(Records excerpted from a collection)
--------------------------------

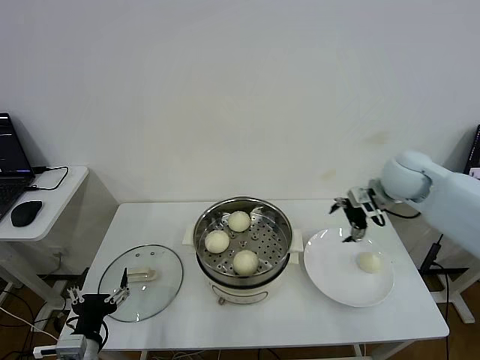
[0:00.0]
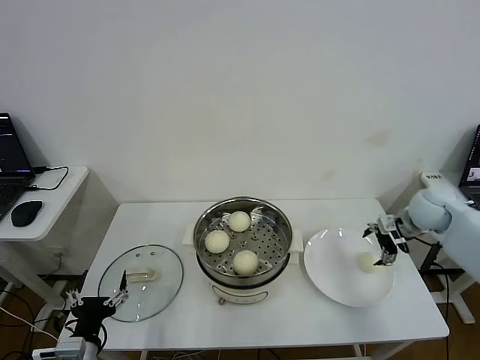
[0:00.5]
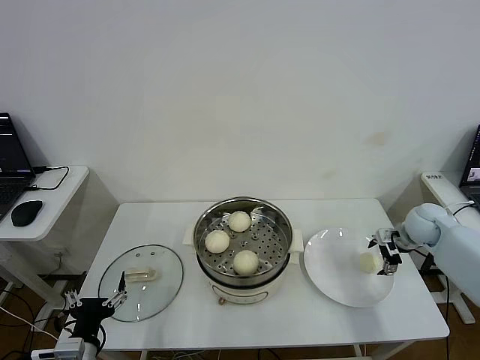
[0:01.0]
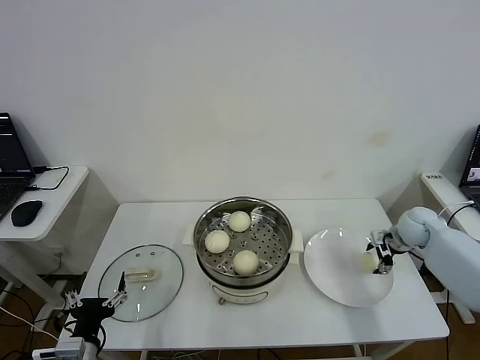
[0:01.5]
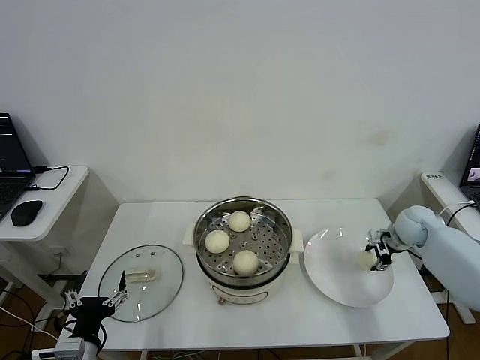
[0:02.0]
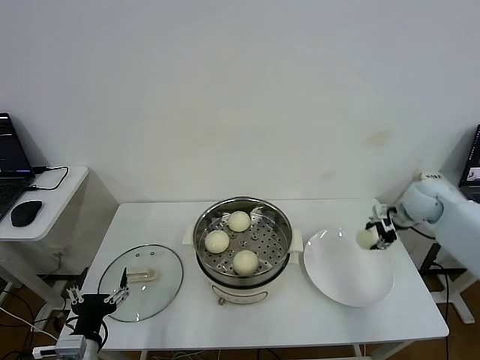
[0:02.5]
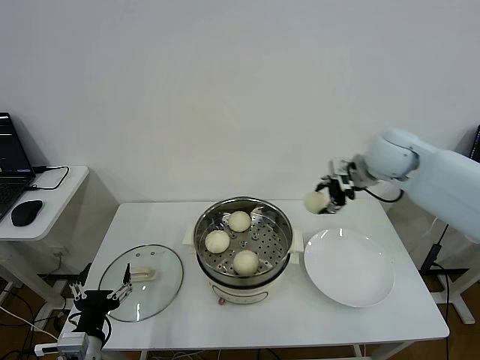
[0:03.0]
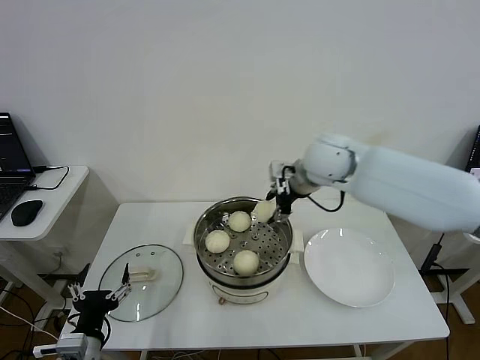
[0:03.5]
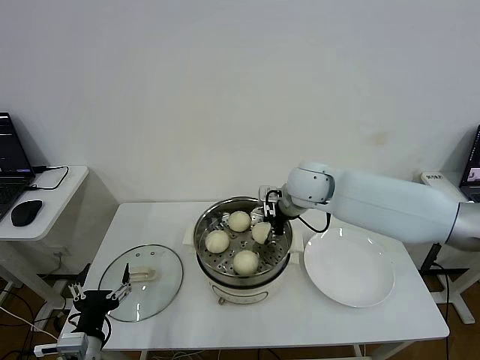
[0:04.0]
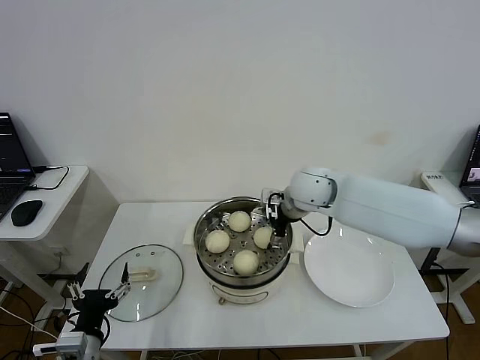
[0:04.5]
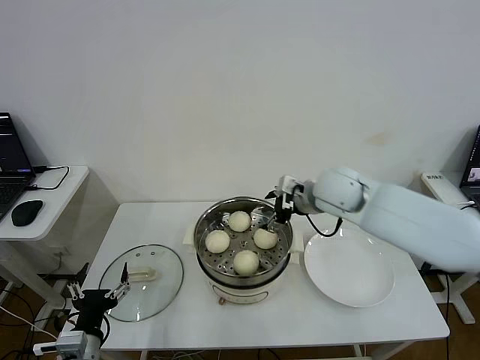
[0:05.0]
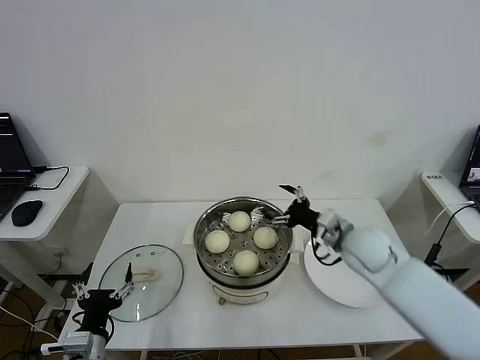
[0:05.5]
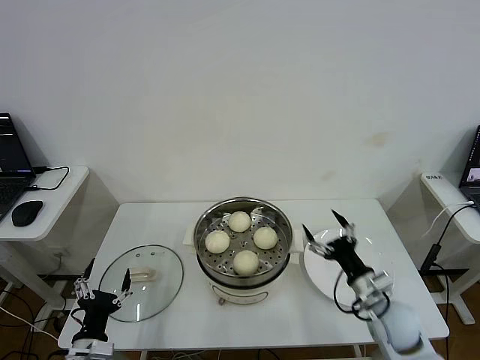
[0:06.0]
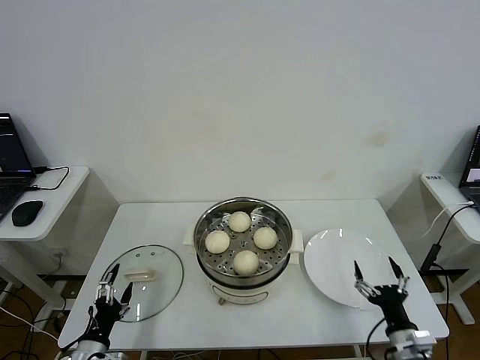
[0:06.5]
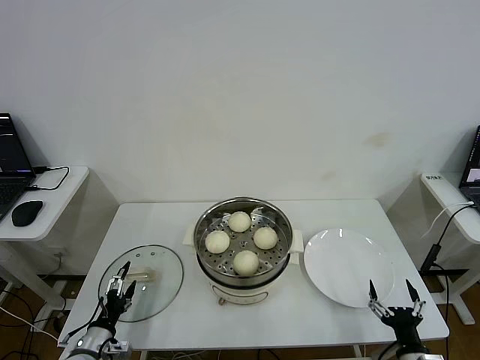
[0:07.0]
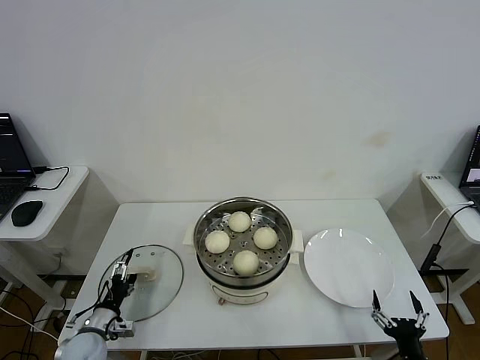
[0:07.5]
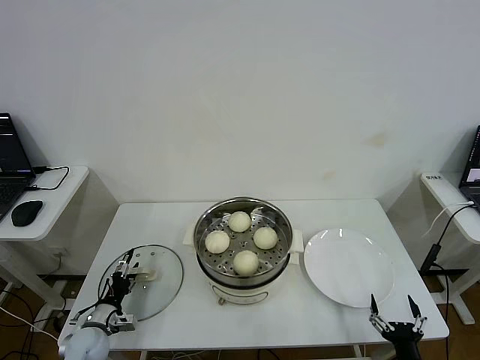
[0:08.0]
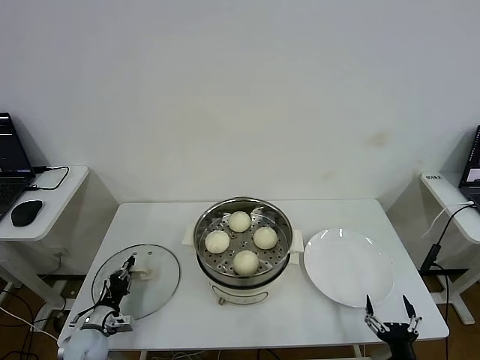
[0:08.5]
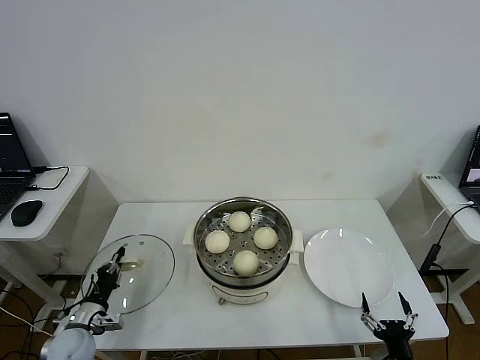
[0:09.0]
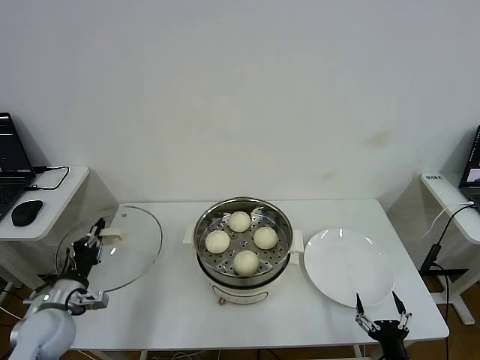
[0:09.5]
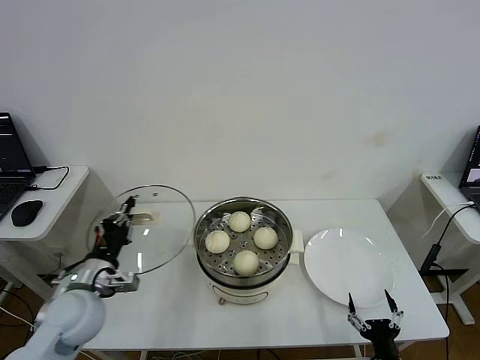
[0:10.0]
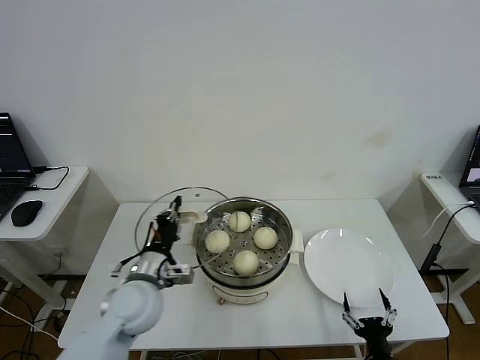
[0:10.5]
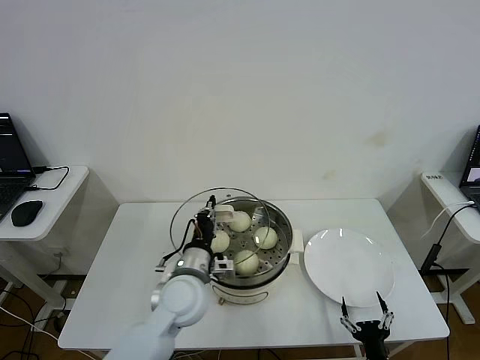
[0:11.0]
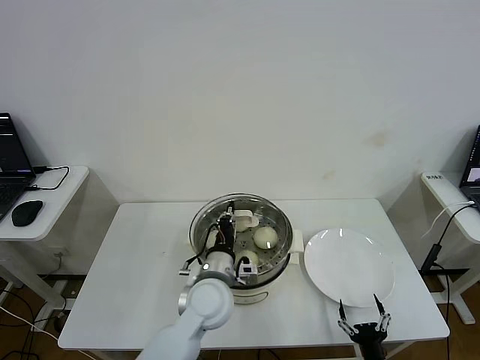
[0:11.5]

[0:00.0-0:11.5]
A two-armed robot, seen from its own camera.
Step, 0:00.0 to 0:02.0: Grasp the baozi in the plate with right gripper.
Step, 0:02.5 to 0:04.5: Place the baozi on the steamer with right gripper.
Step, 0:05.0 to 0:08.5: Grasp the pot lid with left gripper.
0:00.0 to 0:02.0: The right gripper is displaced downward and to the right by approximately 20 cm, and closes up.
0:02.0 to 0:04.0: The right gripper moves to the left and upward, approximately 35 cm.
0:04.0 to 0:06.0: The right gripper goes some 30 cm backward, downward and to the right, and opens up.
0:06.0 to 0:07.5: The right gripper heads backward and downward, covering some 20 cm. The left gripper shifts approximately 15 cm forward, downward and to the left.
0:07.5 to 0:09.5: The left gripper is displaced upward by some 10 cm, and closes.
0:09.5 to 0:11.5: The right gripper changes place by some 5 cm. The left gripper heads to the right, covering about 30 cm.

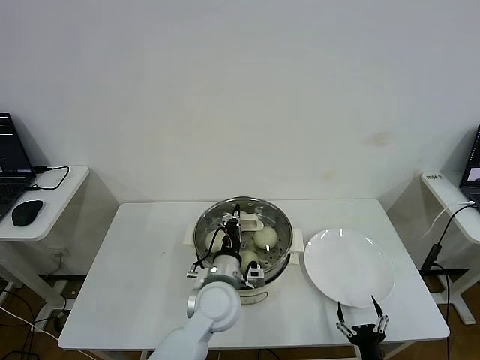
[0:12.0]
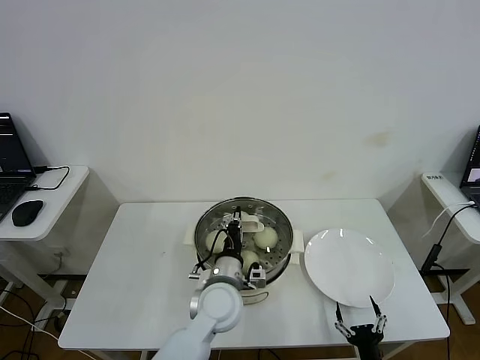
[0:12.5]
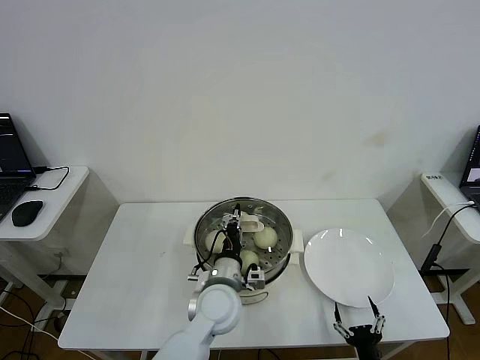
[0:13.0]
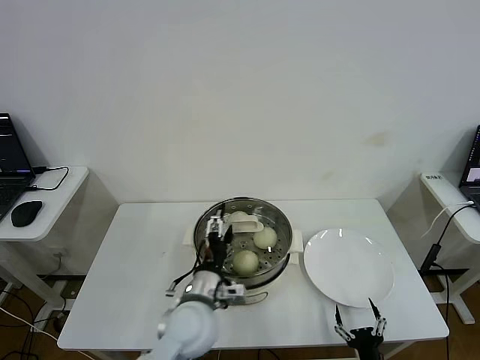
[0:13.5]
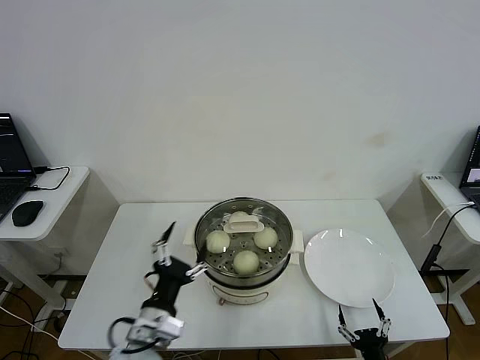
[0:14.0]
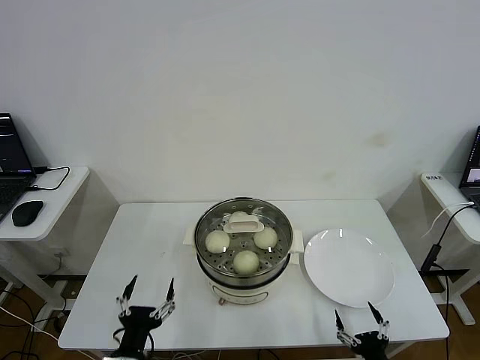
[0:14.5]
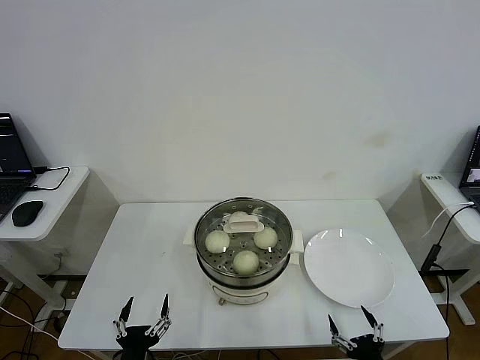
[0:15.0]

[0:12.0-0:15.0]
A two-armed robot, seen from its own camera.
0:12.0 to 0:13.5: The left gripper opens up.
0:13.5 to 0:15.0: The left gripper heads backward, to the left and downward, covering some 25 cm, while the right gripper moves upward, about 5 cm.

--------------------------------

### Description of the task
Verbatim copy, pictures excluded: output the lines from the first line of the records above through the line containing "[0:00.0-0:11.5]".

### Your solution
[0:00.0]
[0:00.5]
[0:01.0]
[0:01.5]
[0:02.0]
[0:02.5]
[0:03.0]
[0:03.5]
[0:04.0]
[0:04.5]
[0:05.0]
[0:05.5]
[0:06.0]
[0:06.5]
[0:07.0]
[0:07.5]
[0:08.0]
[0:08.5]
[0:09.0]
[0:09.5]
[0:10.0]
[0:10.5]
[0:11.0]
[0:11.5]

[0:00.0-0:11.5]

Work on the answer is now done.